2.2. Instruments and Definitions

A 15-item questionnaire was developed to assess multiple dimensions of AI in telemedicine: (1) demographic characteristics (age, gender, academic year), (2) prior experience with telemedicine (as a patient, observer, or student), (3) familiarity with AI-driven healthcare tools, (4) perceived benefits and challenges of AI in telemedicine, and (5) ethical and data privacy concerns. Response formats included five-point Likert scales (1 = strongly disagree; 5 = strongly agree), dichotomous (yes/no) items, and open-ended questions for qualitative insights. Psychometric properties of the survey items, including internal consistency, were reviewed, ensuring Cronbach’s alpha above 0.70 for the relevant subscales.

For the new questionnaire, items showing a content-validity index < 0.80 were removed. The final survey yielded acceptable internal consistency (overall Cronbach’s α = 0.86), with subscale alphas of 0.79 for AI familiarity, 0.82 for telemedicine acceptance, and 0.77 for privacy–ethics concern.

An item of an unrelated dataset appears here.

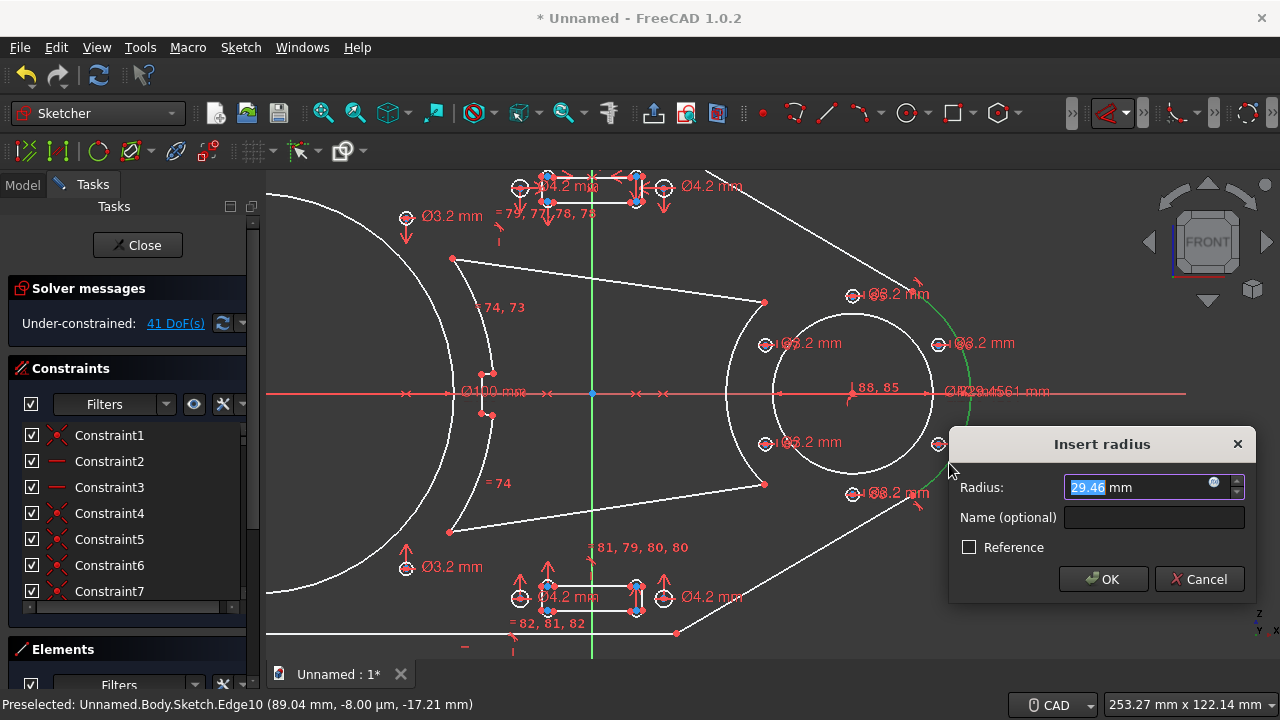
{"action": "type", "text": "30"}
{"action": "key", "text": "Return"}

AI-enhanced telemedicine was considered as any synchronous or asynchronous remote clinical encounter in which at least one of the following machine learning components directly informs decision-making: (i) vision-based diagnostic support (e.g., dermatology image classifiers embedded in the video platform), (ii) NLP chatbots or voice agents that triage symptoms and draft encounter notes in real time, (iii) predictive analytics dashboards that flag high-risk patients using streaming vital-sign or wearable data, and (iv) decision-support algorithms that recommend personalized treatment or follow-up schedules based on EHR integration. In the context of our survey, students were asked to consider these four use cases—each of which is already commercially available in Europe—as illustrative benchmarks when rating their familiarity with and acceptance of “AI-enhanced telemedicine”.

2.3. Statistical Analysis

All statistical analyses were performed using IBM SPSS Statistics (version 27, IBM Corp., Armonk, NY, USA). Initial data cleaning involved identifying missing or invalid entries; less than 5% of responses were missing, and these were addressed using pairwise deletion. Descriptive statistics (mean, standard deviation, frequency, and percentage) were computed to summarize the demographic profile and key survey items. Inferential analyses included chi-square tests for categorical variables, one-way ANOVA for comparing mean Likert scores across the three year groups, and post hoc Tukey tests to determine pairwise group differences. A correlation matrix (Pearson’s r) was constructed to examine the relationships among AI familiarity, telemedicine acceptance, privacy concerns, and perceived benefit. Finally, a multiple linear regression model was fitted to identify predictors of overall telemedicine acceptance, with predictor variables including academic year, AI familiarity, privacy concerns, and demographic factors. Prior to running the multiple regression, we examined variance inflation factors (VIFs) for academic year, AI familiarity, privacy concern, and gender; all VIFs ranged from 1.11 to 1.36, well below the conventional threshold of 5, indicating that multicollinearity was not a concern in the final model. Statistical significance was set at p < 0.05.

3. Results

Across gender, telemedicine exposure (χ² = 1.32, p = 0.517) and high AI familiarity (χ² = 1.49, p = 0.475) were almost identical between female and male students, indicating no sex-based gap in practical use or self-reported competence. Mean scores for perceived risk of data breaches, patient confidentiality, and liability concerns also showed negligible differences (all p > 0.45), suggesting that ethical apprehensions are shared equally across genders. The single non-binary respondent mirrored the overall averages but was excluded from significance testing due to sample size.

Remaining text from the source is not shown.